— TASK TO CARRY OUT —
Below are entries; copy exactly the lines from the one with "Answer: Current limiting" through the one with "Answer: Capacitor How", both included, and leave out the rest.

─── DATASET RECORDS

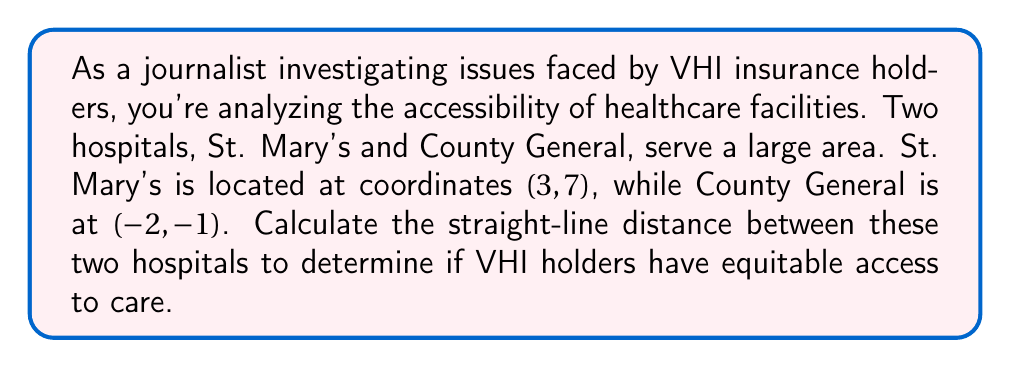What is the answer to this math problem? To solve this problem, we'll use the distance formula derived from the Pythagorean theorem:

$$d = \sqrt{(x_2 - x_1)^2 + (y_2 - y_1)^2}$$

Where $(x_1, y_1)$ are the coordinates of the first point and $(x_2, y_2)$ are the coordinates of the second point.

Step 1: Identify the coordinates
- St. Mary's: $(x_1, y_1) = (3, 7)$
- County General: $(x_2, y_2) = (-2, -1)$

Step 2: Plug the coordinates into the distance formula
$$d = \sqrt{(-2 - 3)^2 + (-1 - 7)^2}$$

Step 3: Simplify the expressions inside the parentheses
$$d = \sqrt{(-5)^2 + (-8)^2}$$

Step 4: Calculate the squares
$$d = \sqrt{25 + 64}$$

Step 5: Add the values under the square root
$$d = \sqrt{89}$$

Step 6: Simplify the square root (if possible)
In this case, $\sqrt{89}$ cannot be simplified further.

Therefore, the distance between St. Mary's and County General is $\sqrt{89}$ units.
Answer: $\sqrt{89}$ units 
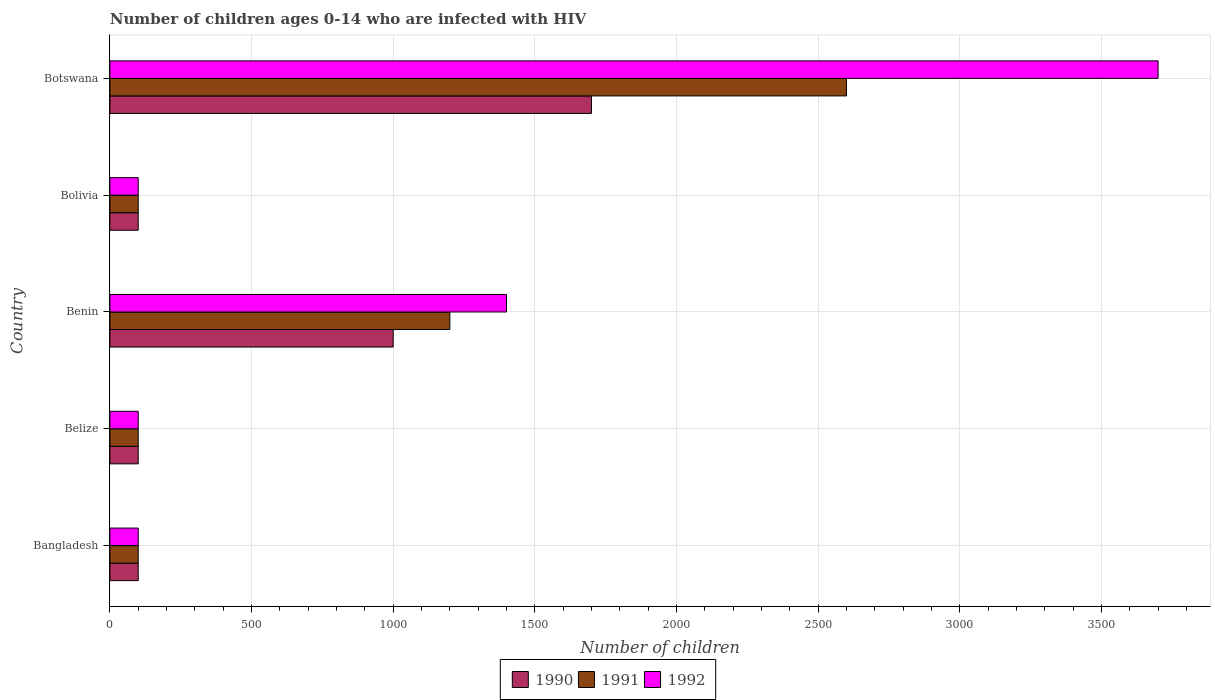How many bars are there on the 4th tick from the top?
Your response must be concise. 3. What is the number of HIV infected children in 1992 in Belize?
Your response must be concise. 100. Across all countries, what is the maximum number of HIV infected children in 1992?
Provide a succinct answer. 3700. Across all countries, what is the minimum number of HIV infected children in 1992?
Ensure brevity in your answer.  100. In which country was the number of HIV infected children in 1992 maximum?
Provide a short and direct response. Botswana. In which country was the number of HIV infected children in 1991 minimum?
Your answer should be very brief. Bangladesh. What is the total number of HIV infected children in 1991 in the graph?
Your answer should be compact. 4100. What is the difference between the number of HIV infected children in 1992 in Bolivia and that in Botswana?
Offer a terse response. -3600. What is the difference between the number of HIV infected children in 1990 in Bangladesh and the number of HIV infected children in 1992 in Belize?
Offer a terse response. 0. What is the average number of HIV infected children in 1990 per country?
Offer a terse response. 600. In how many countries, is the number of HIV infected children in 1990 greater than 2900 ?
Keep it short and to the point. 0. What is the ratio of the number of HIV infected children in 1991 in Belize to that in Benin?
Offer a very short reply. 0.08. Is the difference between the number of HIV infected children in 1990 in Belize and Botswana greater than the difference between the number of HIV infected children in 1991 in Belize and Botswana?
Provide a succinct answer. Yes. What is the difference between the highest and the second highest number of HIV infected children in 1990?
Your answer should be compact. 700. What is the difference between the highest and the lowest number of HIV infected children in 1992?
Provide a short and direct response. 3600. Is the sum of the number of HIV infected children in 1991 in Bangladesh and Bolivia greater than the maximum number of HIV infected children in 1990 across all countries?
Give a very brief answer. No. What does the 1st bar from the bottom in Botswana represents?
Keep it short and to the point. 1990. Is it the case that in every country, the sum of the number of HIV infected children in 1992 and number of HIV infected children in 1990 is greater than the number of HIV infected children in 1991?
Give a very brief answer. Yes. How many bars are there?
Your answer should be compact. 15. What is the difference between two consecutive major ticks on the X-axis?
Give a very brief answer. 500. Where does the legend appear in the graph?
Provide a succinct answer. Bottom center. What is the title of the graph?
Ensure brevity in your answer.  Number of children ages 0-14 who are infected with HIV. Does "1981" appear as one of the legend labels in the graph?
Your answer should be compact. No. What is the label or title of the X-axis?
Give a very brief answer. Number of children. What is the label or title of the Y-axis?
Offer a very short reply. Country. What is the Number of children of 1991 in Belize?
Give a very brief answer. 100. What is the Number of children of 1992 in Belize?
Provide a succinct answer. 100. What is the Number of children in 1990 in Benin?
Your answer should be very brief. 1000. What is the Number of children of 1991 in Benin?
Offer a terse response. 1200. What is the Number of children in 1992 in Benin?
Your answer should be very brief. 1400. What is the Number of children in 1990 in Botswana?
Ensure brevity in your answer.  1700. What is the Number of children in 1991 in Botswana?
Your response must be concise. 2600. What is the Number of children in 1992 in Botswana?
Make the answer very short. 3700. Across all countries, what is the maximum Number of children in 1990?
Your answer should be very brief. 1700. Across all countries, what is the maximum Number of children of 1991?
Offer a very short reply. 2600. Across all countries, what is the maximum Number of children in 1992?
Your answer should be very brief. 3700. Across all countries, what is the minimum Number of children in 1990?
Provide a short and direct response. 100. Across all countries, what is the minimum Number of children of 1991?
Ensure brevity in your answer.  100. Across all countries, what is the minimum Number of children in 1992?
Give a very brief answer. 100. What is the total Number of children in 1990 in the graph?
Make the answer very short. 3000. What is the total Number of children in 1991 in the graph?
Provide a succinct answer. 4100. What is the total Number of children of 1992 in the graph?
Provide a succinct answer. 5400. What is the difference between the Number of children in 1991 in Bangladesh and that in Belize?
Your response must be concise. 0. What is the difference between the Number of children in 1990 in Bangladesh and that in Benin?
Ensure brevity in your answer.  -900. What is the difference between the Number of children in 1991 in Bangladesh and that in Benin?
Ensure brevity in your answer.  -1100. What is the difference between the Number of children in 1992 in Bangladesh and that in Benin?
Your response must be concise. -1300. What is the difference between the Number of children in 1992 in Bangladesh and that in Bolivia?
Ensure brevity in your answer.  0. What is the difference between the Number of children in 1990 in Bangladesh and that in Botswana?
Offer a terse response. -1600. What is the difference between the Number of children in 1991 in Bangladesh and that in Botswana?
Provide a succinct answer. -2500. What is the difference between the Number of children in 1992 in Bangladesh and that in Botswana?
Your answer should be very brief. -3600. What is the difference between the Number of children of 1990 in Belize and that in Benin?
Provide a short and direct response. -900. What is the difference between the Number of children in 1991 in Belize and that in Benin?
Your answer should be very brief. -1100. What is the difference between the Number of children in 1992 in Belize and that in Benin?
Give a very brief answer. -1300. What is the difference between the Number of children of 1992 in Belize and that in Bolivia?
Your answer should be compact. 0. What is the difference between the Number of children in 1990 in Belize and that in Botswana?
Provide a succinct answer. -1600. What is the difference between the Number of children in 1991 in Belize and that in Botswana?
Make the answer very short. -2500. What is the difference between the Number of children in 1992 in Belize and that in Botswana?
Ensure brevity in your answer.  -3600. What is the difference between the Number of children in 1990 in Benin and that in Bolivia?
Your answer should be compact. 900. What is the difference between the Number of children in 1991 in Benin and that in Bolivia?
Give a very brief answer. 1100. What is the difference between the Number of children of 1992 in Benin and that in Bolivia?
Your response must be concise. 1300. What is the difference between the Number of children of 1990 in Benin and that in Botswana?
Provide a short and direct response. -700. What is the difference between the Number of children of 1991 in Benin and that in Botswana?
Give a very brief answer. -1400. What is the difference between the Number of children in 1992 in Benin and that in Botswana?
Offer a very short reply. -2300. What is the difference between the Number of children of 1990 in Bolivia and that in Botswana?
Your response must be concise. -1600. What is the difference between the Number of children in 1991 in Bolivia and that in Botswana?
Ensure brevity in your answer.  -2500. What is the difference between the Number of children in 1992 in Bolivia and that in Botswana?
Your response must be concise. -3600. What is the difference between the Number of children of 1990 in Bangladesh and the Number of children of 1991 in Belize?
Give a very brief answer. 0. What is the difference between the Number of children of 1990 in Bangladesh and the Number of children of 1991 in Benin?
Offer a terse response. -1100. What is the difference between the Number of children in 1990 in Bangladesh and the Number of children in 1992 in Benin?
Offer a terse response. -1300. What is the difference between the Number of children in 1991 in Bangladesh and the Number of children in 1992 in Benin?
Give a very brief answer. -1300. What is the difference between the Number of children of 1990 in Bangladesh and the Number of children of 1991 in Bolivia?
Ensure brevity in your answer.  0. What is the difference between the Number of children of 1990 in Bangladesh and the Number of children of 1992 in Bolivia?
Your answer should be compact. 0. What is the difference between the Number of children of 1990 in Bangladesh and the Number of children of 1991 in Botswana?
Your answer should be very brief. -2500. What is the difference between the Number of children of 1990 in Bangladesh and the Number of children of 1992 in Botswana?
Give a very brief answer. -3600. What is the difference between the Number of children of 1991 in Bangladesh and the Number of children of 1992 in Botswana?
Your answer should be very brief. -3600. What is the difference between the Number of children in 1990 in Belize and the Number of children in 1991 in Benin?
Ensure brevity in your answer.  -1100. What is the difference between the Number of children in 1990 in Belize and the Number of children in 1992 in Benin?
Your answer should be very brief. -1300. What is the difference between the Number of children in 1991 in Belize and the Number of children in 1992 in Benin?
Give a very brief answer. -1300. What is the difference between the Number of children of 1990 in Belize and the Number of children of 1991 in Bolivia?
Make the answer very short. 0. What is the difference between the Number of children of 1991 in Belize and the Number of children of 1992 in Bolivia?
Provide a short and direct response. 0. What is the difference between the Number of children in 1990 in Belize and the Number of children in 1991 in Botswana?
Offer a very short reply. -2500. What is the difference between the Number of children in 1990 in Belize and the Number of children in 1992 in Botswana?
Give a very brief answer. -3600. What is the difference between the Number of children of 1991 in Belize and the Number of children of 1992 in Botswana?
Keep it short and to the point. -3600. What is the difference between the Number of children in 1990 in Benin and the Number of children in 1991 in Bolivia?
Provide a short and direct response. 900. What is the difference between the Number of children in 1990 in Benin and the Number of children in 1992 in Bolivia?
Make the answer very short. 900. What is the difference between the Number of children of 1991 in Benin and the Number of children of 1992 in Bolivia?
Your answer should be very brief. 1100. What is the difference between the Number of children of 1990 in Benin and the Number of children of 1991 in Botswana?
Provide a succinct answer. -1600. What is the difference between the Number of children of 1990 in Benin and the Number of children of 1992 in Botswana?
Your response must be concise. -2700. What is the difference between the Number of children of 1991 in Benin and the Number of children of 1992 in Botswana?
Your response must be concise. -2500. What is the difference between the Number of children in 1990 in Bolivia and the Number of children in 1991 in Botswana?
Give a very brief answer. -2500. What is the difference between the Number of children of 1990 in Bolivia and the Number of children of 1992 in Botswana?
Your answer should be very brief. -3600. What is the difference between the Number of children in 1991 in Bolivia and the Number of children in 1992 in Botswana?
Ensure brevity in your answer.  -3600. What is the average Number of children in 1990 per country?
Give a very brief answer. 600. What is the average Number of children in 1991 per country?
Offer a very short reply. 820. What is the average Number of children of 1992 per country?
Give a very brief answer. 1080. What is the difference between the Number of children in 1990 and Number of children in 1992 in Bangladesh?
Provide a short and direct response. 0. What is the difference between the Number of children of 1991 and Number of children of 1992 in Bangladesh?
Your answer should be compact. 0. What is the difference between the Number of children in 1990 and Number of children in 1991 in Belize?
Provide a succinct answer. 0. What is the difference between the Number of children of 1990 and Number of children of 1992 in Belize?
Offer a very short reply. 0. What is the difference between the Number of children of 1991 and Number of children of 1992 in Belize?
Give a very brief answer. 0. What is the difference between the Number of children of 1990 and Number of children of 1991 in Benin?
Your response must be concise. -200. What is the difference between the Number of children in 1990 and Number of children in 1992 in Benin?
Provide a short and direct response. -400. What is the difference between the Number of children of 1991 and Number of children of 1992 in Benin?
Your answer should be very brief. -200. What is the difference between the Number of children in 1990 and Number of children in 1992 in Bolivia?
Your answer should be compact. 0. What is the difference between the Number of children of 1990 and Number of children of 1991 in Botswana?
Provide a short and direct response. -900. What is the difference between the Number of children in 1990 and Number of children in 1992 in Botswana?
Offer a terse response. -2000. What is the difference between the Number of children of 1991 and Number of children of 1992 in Botswana?
Keep it short and to the point. -1100. What is the ratio of the Number of children in 1992 in Bangladesh to that in Belize?
Ensure brevity in your answer.  1. What is the ratio of the Number of children in 1990 in Bangladesh to that in Benin?
Offer a very short reply. 0.1. What is the ratio of the Number of children of 1991 in Bangladesh to that in Benin?
Offer a terse response. 0.08. What is the ratio of the Number of children of 1992 in Bangladesh to that in Benin?
Your answer should be very brief. 0.07. What is the ratio of the Number of children of 1992 in Bangladesh to that in Bolivia?
Your answer should be compact. 1. What is the ratio of the Number of children in 1990 in Bangladesh to that in Botswana?
Your response must be concise. 0.06. What is the ratio of the Number of children in 1991 in Bangladesh to that in Botswana?
Your answer should be compact. 0.04. What is the ratio of the Number of children in 1992 in Bangladesh to that in Botswana?
Make the answer very short. 0.03. What is the ratio of the Number of children in 1990 in Belize to that in Benin?
Your answer should be very brief. 0.1. What is the ratio of the Number of children of 1991 in Belize to that in Benin?
Keep it short and to the point. 0.08. What is the ratio of the Number of children in 1992 in Belize to that in Benin?
Ensure brevity in your answer.  0.07. What is the ratio of the Number of children in 1992 in Belize to that in Bolivia?
Ensure brevity in your answer.  1. What is the ratio of the Number of children of 1990 in Belize to that in Botswana?
Provide a succinct answer. 0.06. What is the ratio of the Number of children in 1991 in Belize to that in Botswana?
Give a very brief answer. 0.04. What is the ratio of the Number of children of 1992 in Belize to that in Botswana?
Your answer should be very brief. 0.03. What is the ratio of the Number of children of 1990 in Benin to that in Bolivia?
Your answer should be very brief. 10. What is the ratio of the Number of children of 1992 in Benin to that in Bolivia?
Ensure brevity in your answer.  14. What is the ratio of the Number of children of 1990 in Benin to that in Botswana?
Ensure brevity in your answer.  0.59. What is the ratio of the Number of children in 1991 in Benin to that in Botswana?
Offer a terse response. 0.46. What is the ratio of the Number of children in 1992 in Benin to that in Botswana?
Give a very brief answer. 0.38. What is the ratio of the Number of children in 1990 in Bolivia to that in Botswana?
Your answer should be compact. 0.06. What is the ratio of the Number of children of 1991 in Bolivia to that in Botswana?
Provide a short and direct response. 0.04. What is the ratio of the Number of children in 1992 in Bolivia to that in Botswana?
Make the answer very short. 0.03. What is the difference between the highest and the second highest Number of children in 1990?
Offer a very short reply. 700. What is the difference between the highest and the second highest Number of children of 1991?
Make the answer very short. 1400. What is the difference between the highest and the second highest Number of children in 1992?
Your response must be concise. 2300. What is the difference between the highest and the lowest Number of children in 1990?
Your response must be concise. 1600. What is the difference between the highest and the lowest Number of children of 1991?
Your answer should be compact. 2500. What is the difference between the highest and the lowest Number of children of 1992?
Your answer should be very brief. 3600. 
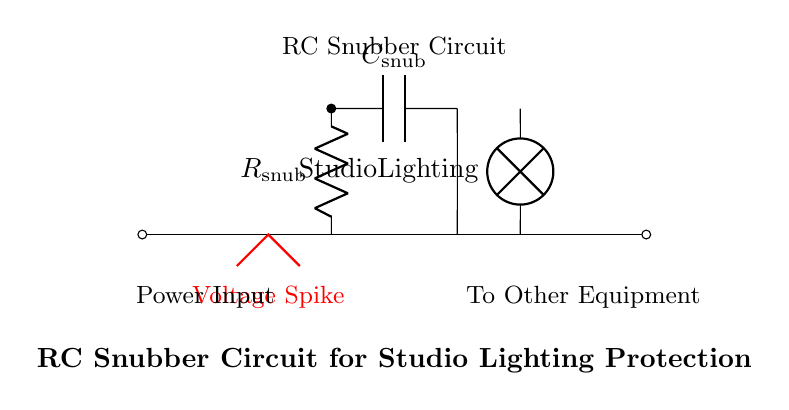What is the function of the resistor in this circuit? The resistor, labeled R_snub, limits the current flow and dissipates energy in the event of voltage spikes, helping to protect the connected equipment.
Answer: Current limiting What type of component is represented by C_snub? The component C_snub is a capacitor, which stores electrical energy and can smooth out voltage spikes by absorbing sudden changes in voltage.
Answer: Capacitor How many components are in the snubber circuit? There are two main components in the snubber circuit, a resistor and a capacitor, which work together to manage voltage spikes.
Answer: Two What is the role of the lamp in this circuit? The lamp represents the studio lighting equipment that is being protected from voltage spikes, indicating the load the snubber circuit is intended to safeguard.
Answer: Load What does the red line signify in the circuit diagram? The red line indicates a voltage spike, visualizing the type of transient event that the RC snubber circuit is designed to mitigate, protecting the load from potential damage.
Answer: Voltage spike How is the capacitor connected in the circuit? The capacitor is connected in parallel with the load (lamp) to provide a low-impedance path for high-frequency transients, thus safeguarding the load from voltage spikes.
Answer: Parallel connection What type of circuit is this? This is an RC snubber circuit, specifically designed to dampen voltage spikes and protect sensitive equipment in various applications.
Answer: RC snubber circuit 
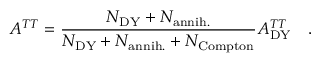Convert formula to latex. <formula><loc_0><loc_0><loc_500><loc_500>A ^ { T T } = \frac { N _ { D Y } + N _ { a n n i h . } } { N _ { D Y } + N _ { a n n i h . } + N _ { C o m p t o n } } A _ { D Y } ^ { T T } \quad .</formula>

──────

— TASK SOLUTION —
Answer: Current limiting What type of component is represented by C_snub? The component C_snub is a capacitor, which stores electrical energy and can smooth out voltage spikes by absorbing sudden changes in voltage.
Answer: Capacitor How many components are in the snubber circuit? There are two main components in the snubber circuit, a resistor and a capacitor, which work together to manage voltage spikes.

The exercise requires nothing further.